Description of the task
Your answer should be the lines below from the one with "#3 person [1046,208,1106,381]" to the one with "1. name: x y z sx sy sz roll pitch yaw", both included, given again exactly and with nothing added.

Supplied material
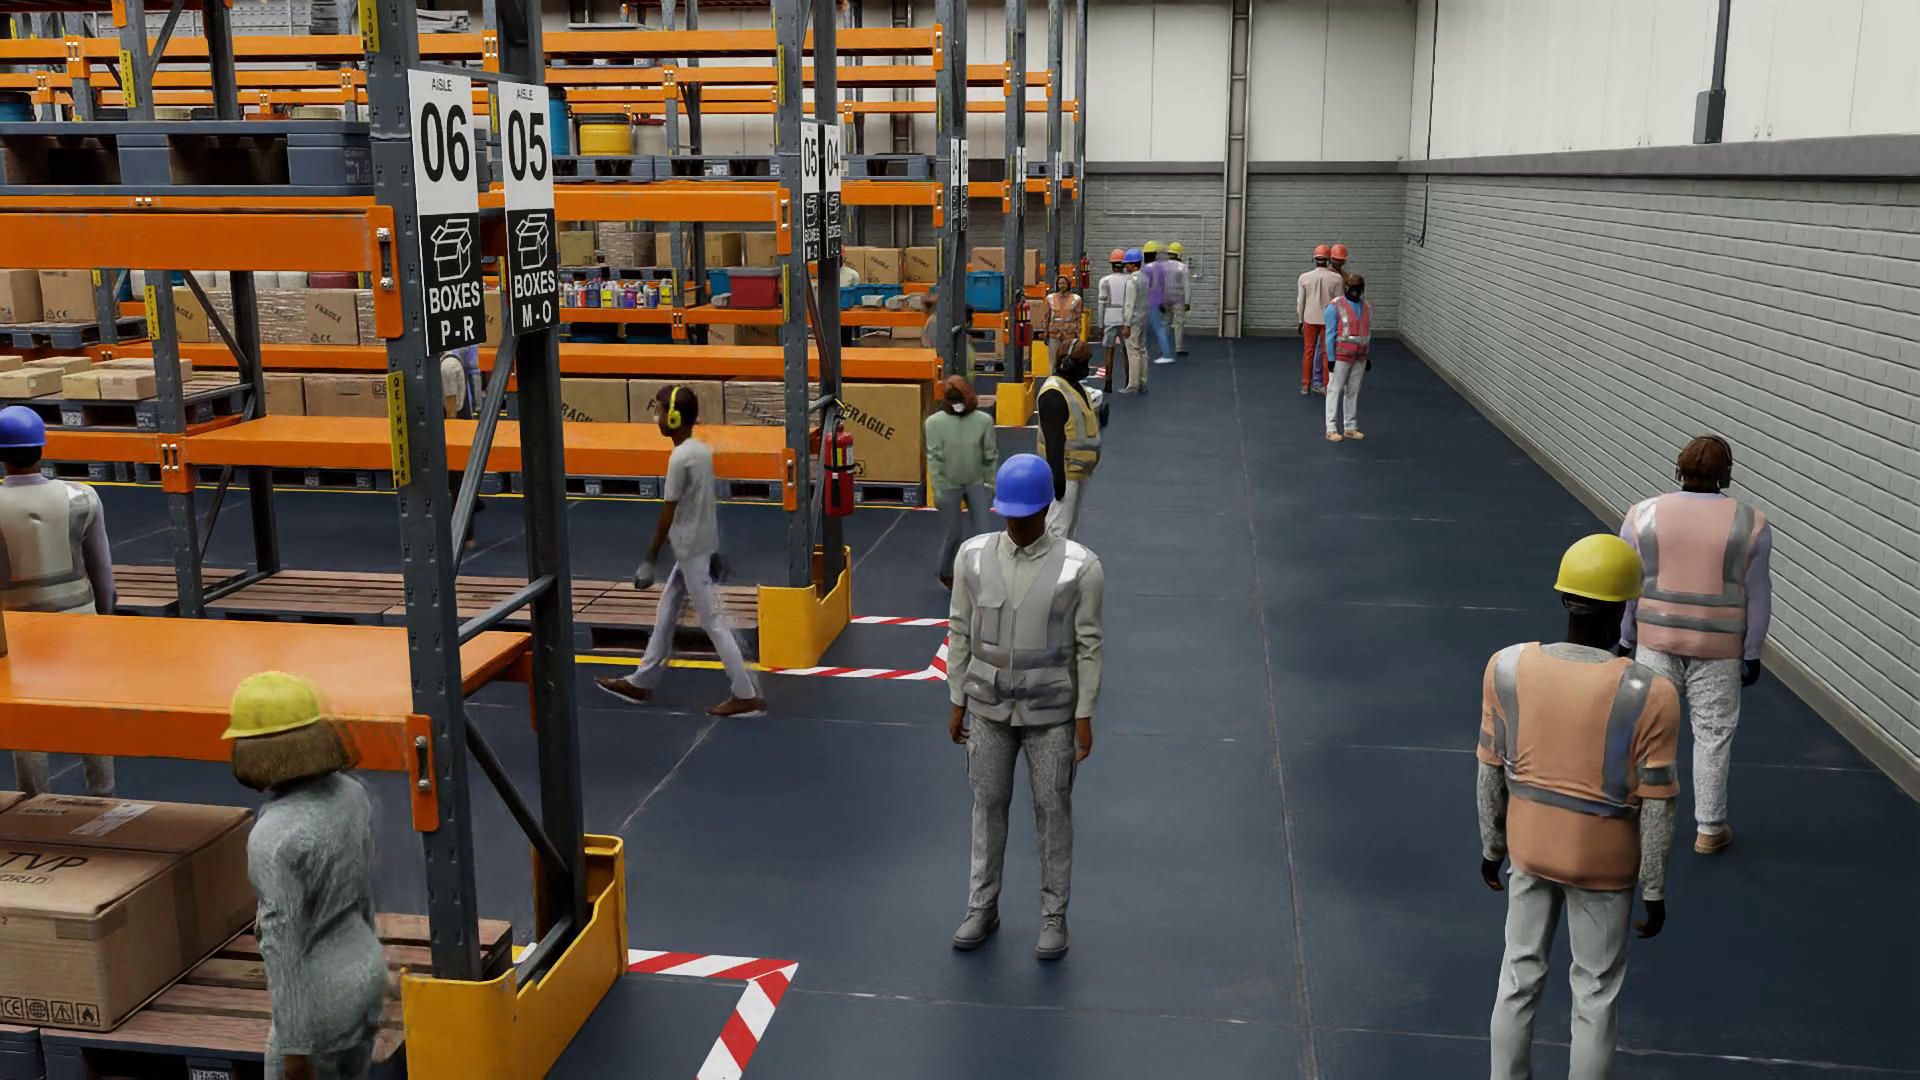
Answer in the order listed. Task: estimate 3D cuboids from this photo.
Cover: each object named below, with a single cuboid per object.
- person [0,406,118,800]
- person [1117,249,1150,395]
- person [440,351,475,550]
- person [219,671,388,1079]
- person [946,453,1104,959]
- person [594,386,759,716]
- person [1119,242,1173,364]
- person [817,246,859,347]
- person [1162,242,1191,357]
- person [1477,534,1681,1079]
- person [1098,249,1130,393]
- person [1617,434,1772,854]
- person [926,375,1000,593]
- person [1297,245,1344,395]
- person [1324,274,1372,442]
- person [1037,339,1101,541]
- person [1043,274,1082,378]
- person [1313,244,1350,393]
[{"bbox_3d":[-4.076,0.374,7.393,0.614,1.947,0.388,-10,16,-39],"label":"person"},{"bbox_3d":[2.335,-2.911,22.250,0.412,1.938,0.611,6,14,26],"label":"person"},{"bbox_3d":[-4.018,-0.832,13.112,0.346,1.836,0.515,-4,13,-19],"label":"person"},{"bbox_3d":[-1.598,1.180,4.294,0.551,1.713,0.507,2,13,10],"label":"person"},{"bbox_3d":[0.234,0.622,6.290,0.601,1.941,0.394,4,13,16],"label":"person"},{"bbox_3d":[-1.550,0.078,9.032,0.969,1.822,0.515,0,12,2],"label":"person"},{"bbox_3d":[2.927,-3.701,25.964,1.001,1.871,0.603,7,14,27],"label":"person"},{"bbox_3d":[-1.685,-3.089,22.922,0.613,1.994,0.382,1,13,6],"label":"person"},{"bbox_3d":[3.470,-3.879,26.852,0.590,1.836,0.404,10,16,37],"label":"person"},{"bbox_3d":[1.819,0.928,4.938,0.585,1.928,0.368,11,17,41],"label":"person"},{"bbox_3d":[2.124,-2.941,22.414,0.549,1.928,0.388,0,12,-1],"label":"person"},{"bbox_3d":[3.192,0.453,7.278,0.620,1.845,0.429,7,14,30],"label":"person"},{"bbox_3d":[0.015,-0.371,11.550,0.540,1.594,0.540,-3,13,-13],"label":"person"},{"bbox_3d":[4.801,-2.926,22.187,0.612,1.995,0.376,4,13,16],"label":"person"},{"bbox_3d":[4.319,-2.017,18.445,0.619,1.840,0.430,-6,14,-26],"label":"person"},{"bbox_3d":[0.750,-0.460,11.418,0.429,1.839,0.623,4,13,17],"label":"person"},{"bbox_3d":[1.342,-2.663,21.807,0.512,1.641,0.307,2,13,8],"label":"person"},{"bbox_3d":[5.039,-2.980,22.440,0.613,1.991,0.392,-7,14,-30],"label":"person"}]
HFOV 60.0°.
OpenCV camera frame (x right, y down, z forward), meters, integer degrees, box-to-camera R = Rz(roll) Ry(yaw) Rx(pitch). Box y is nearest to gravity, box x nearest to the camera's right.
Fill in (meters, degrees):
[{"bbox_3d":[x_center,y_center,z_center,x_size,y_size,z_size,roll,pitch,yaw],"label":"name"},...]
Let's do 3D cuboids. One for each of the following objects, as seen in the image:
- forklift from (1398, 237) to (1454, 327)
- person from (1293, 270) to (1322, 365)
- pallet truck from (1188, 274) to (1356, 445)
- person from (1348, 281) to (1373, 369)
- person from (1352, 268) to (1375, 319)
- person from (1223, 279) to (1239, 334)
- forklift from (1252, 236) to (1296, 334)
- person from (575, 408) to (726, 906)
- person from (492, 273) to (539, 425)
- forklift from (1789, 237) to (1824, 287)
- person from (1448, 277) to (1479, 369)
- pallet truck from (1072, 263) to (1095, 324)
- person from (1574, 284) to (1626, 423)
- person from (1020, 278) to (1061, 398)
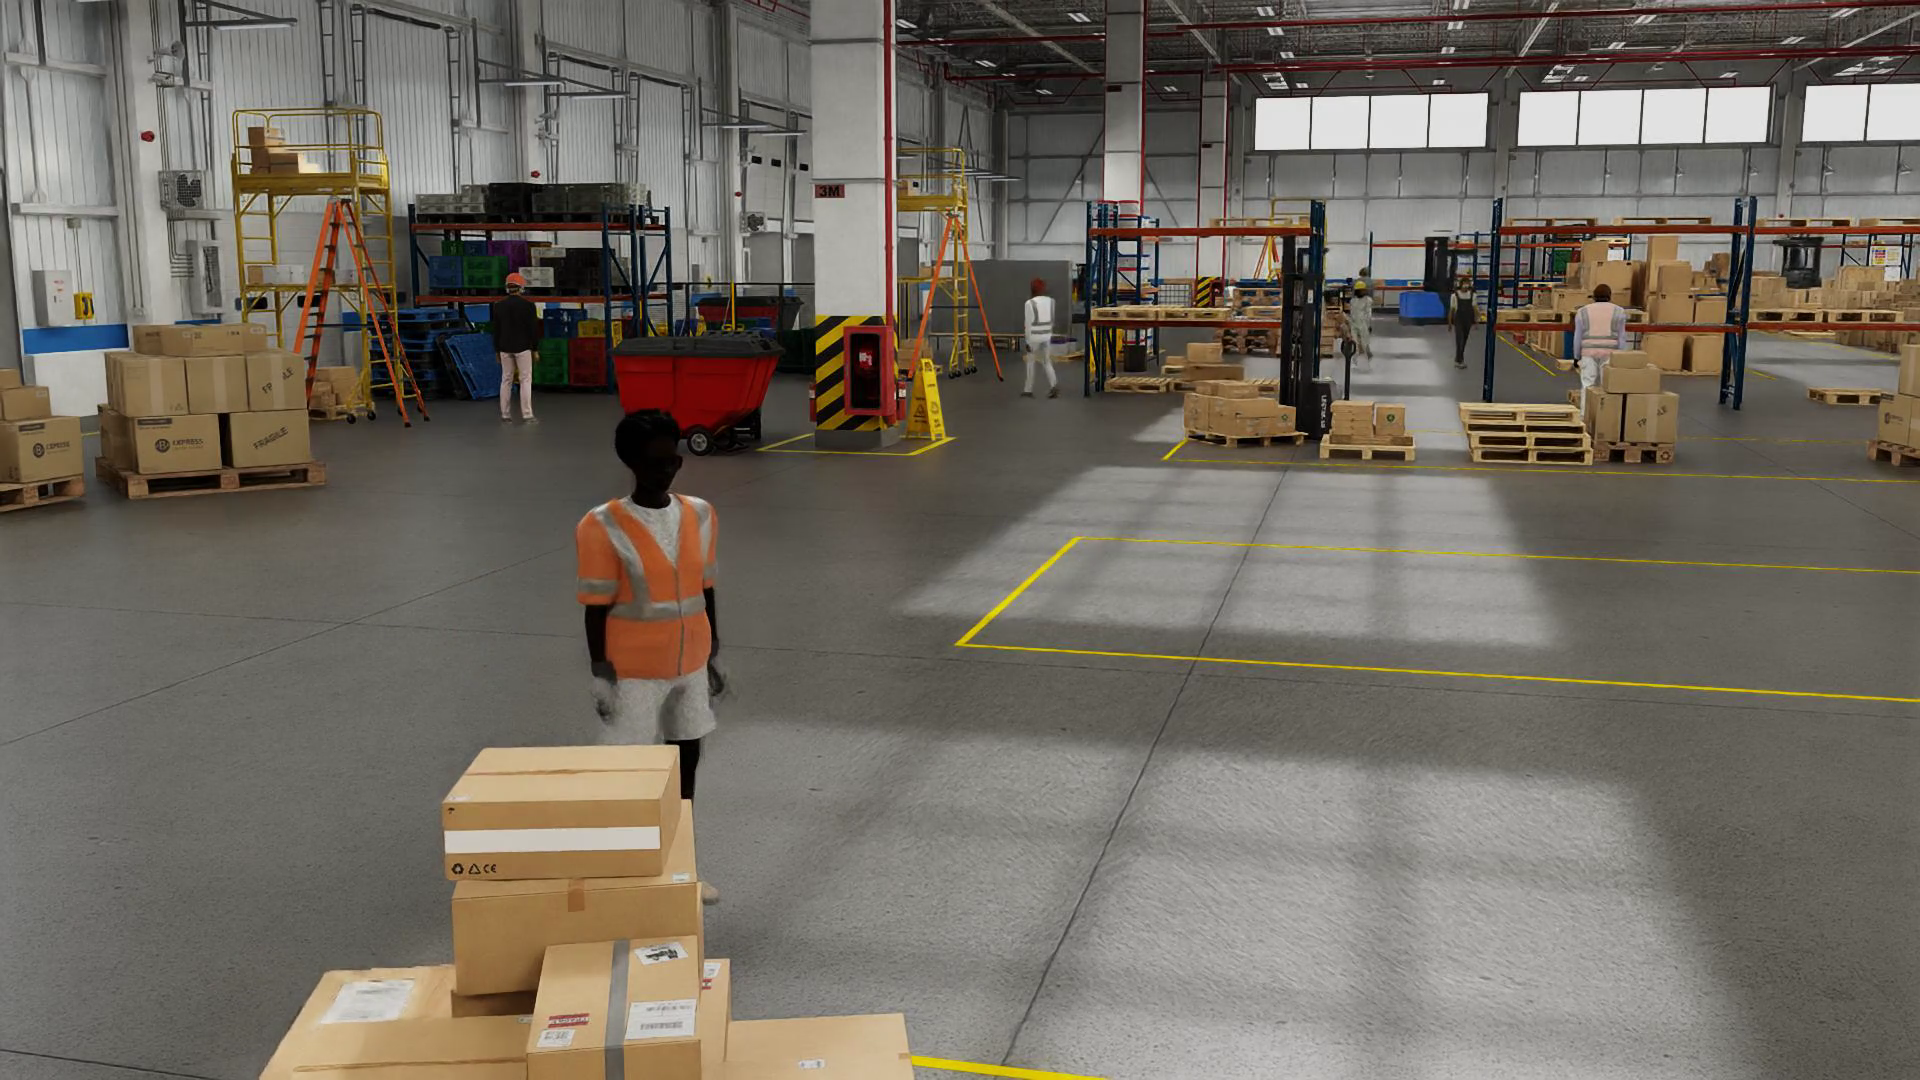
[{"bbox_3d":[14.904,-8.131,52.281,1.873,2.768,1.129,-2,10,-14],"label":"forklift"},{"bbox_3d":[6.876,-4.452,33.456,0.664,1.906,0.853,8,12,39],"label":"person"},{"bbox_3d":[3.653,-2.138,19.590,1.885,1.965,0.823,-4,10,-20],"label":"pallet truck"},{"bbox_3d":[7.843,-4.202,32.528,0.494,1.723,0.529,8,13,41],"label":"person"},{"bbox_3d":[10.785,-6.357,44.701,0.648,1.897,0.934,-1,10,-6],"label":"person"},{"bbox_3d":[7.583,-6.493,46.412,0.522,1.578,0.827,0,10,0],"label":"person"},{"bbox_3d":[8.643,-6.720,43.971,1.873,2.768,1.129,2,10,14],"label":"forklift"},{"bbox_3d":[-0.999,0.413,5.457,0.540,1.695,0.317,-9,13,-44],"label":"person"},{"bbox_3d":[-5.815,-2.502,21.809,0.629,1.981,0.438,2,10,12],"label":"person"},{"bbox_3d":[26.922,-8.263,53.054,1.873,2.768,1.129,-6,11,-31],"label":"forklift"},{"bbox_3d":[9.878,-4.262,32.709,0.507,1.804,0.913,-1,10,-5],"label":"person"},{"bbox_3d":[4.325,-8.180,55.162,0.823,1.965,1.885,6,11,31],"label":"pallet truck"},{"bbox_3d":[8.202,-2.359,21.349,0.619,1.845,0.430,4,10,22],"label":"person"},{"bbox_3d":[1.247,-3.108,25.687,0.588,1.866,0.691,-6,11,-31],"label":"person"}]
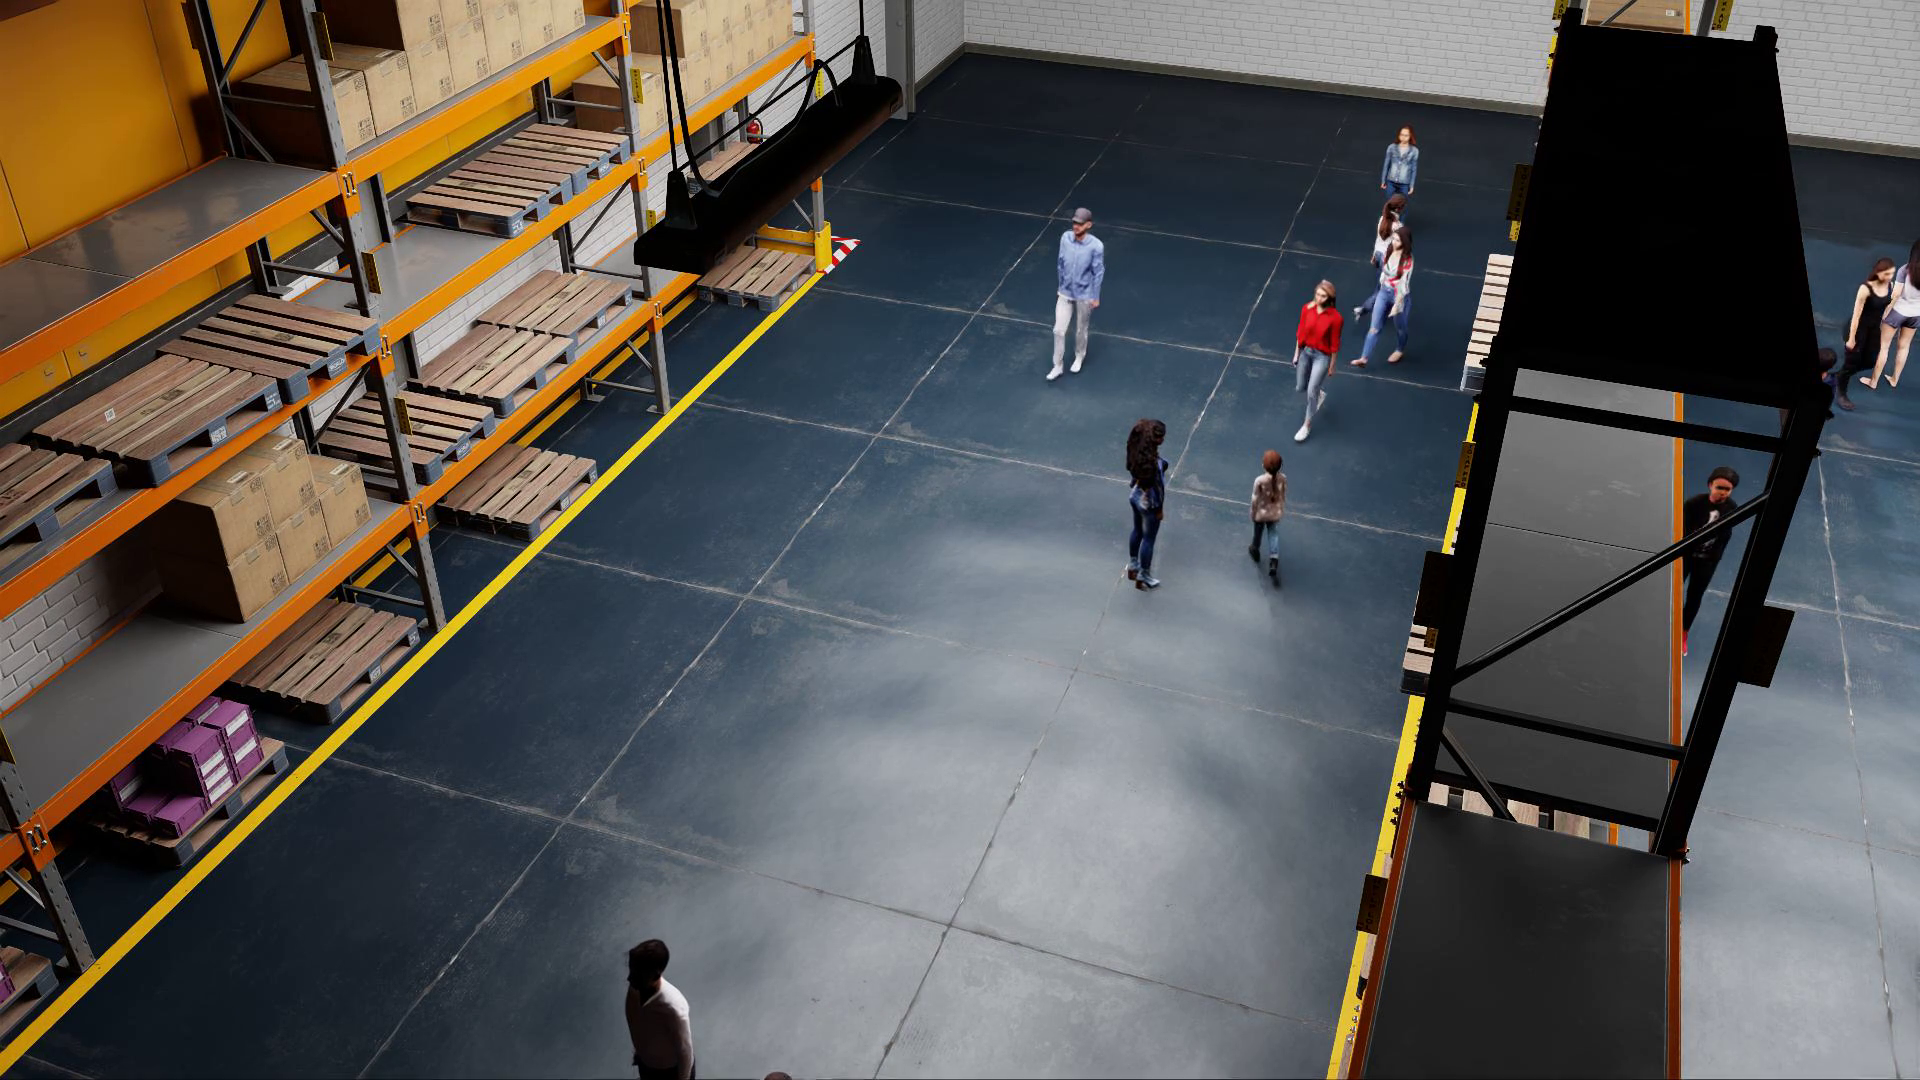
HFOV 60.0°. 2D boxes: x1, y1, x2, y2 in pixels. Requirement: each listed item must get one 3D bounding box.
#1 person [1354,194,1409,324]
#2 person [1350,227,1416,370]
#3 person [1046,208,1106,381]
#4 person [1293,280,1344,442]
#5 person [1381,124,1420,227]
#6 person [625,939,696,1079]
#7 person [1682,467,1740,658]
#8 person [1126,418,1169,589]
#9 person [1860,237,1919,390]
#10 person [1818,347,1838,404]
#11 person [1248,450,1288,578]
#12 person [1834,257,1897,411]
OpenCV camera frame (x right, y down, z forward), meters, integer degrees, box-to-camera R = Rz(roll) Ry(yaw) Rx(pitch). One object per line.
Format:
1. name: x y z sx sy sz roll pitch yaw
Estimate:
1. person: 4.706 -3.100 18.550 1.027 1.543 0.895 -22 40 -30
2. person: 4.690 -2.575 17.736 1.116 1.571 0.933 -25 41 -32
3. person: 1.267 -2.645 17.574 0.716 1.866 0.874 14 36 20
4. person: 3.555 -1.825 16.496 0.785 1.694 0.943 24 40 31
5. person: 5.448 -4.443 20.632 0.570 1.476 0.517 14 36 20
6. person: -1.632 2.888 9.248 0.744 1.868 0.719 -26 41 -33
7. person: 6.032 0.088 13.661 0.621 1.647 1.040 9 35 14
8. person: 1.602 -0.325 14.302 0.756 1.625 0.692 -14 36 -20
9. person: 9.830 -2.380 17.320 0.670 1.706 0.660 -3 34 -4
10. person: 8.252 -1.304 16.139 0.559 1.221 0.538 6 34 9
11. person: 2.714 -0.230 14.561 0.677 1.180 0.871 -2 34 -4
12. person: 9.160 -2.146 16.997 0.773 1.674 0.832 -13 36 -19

Answer to the problem
#3 person [1046,208,1106,381]
#4 person [1293,280,1344,442]
#5 person [1381,124,1420,227]
#6 person [625,939,696,1079]
#7 person [1682,467,1740,658]
#8 person [1126,418,1169,589]
#9 person [1860,237,1919,390]
#10 person [1818,347,1838,404]
#11 person [1248,450,1288,578]
#12 person [1834,257,1897,411]
OpenCV camera frame (x right, y down, z forward), meters, integer degrees, box-to-camera R = Rz(roll) Ry(yaw) Rx(pitch). One object per line.
Format:
1. name: x y z sx sy sz roll pitch yaw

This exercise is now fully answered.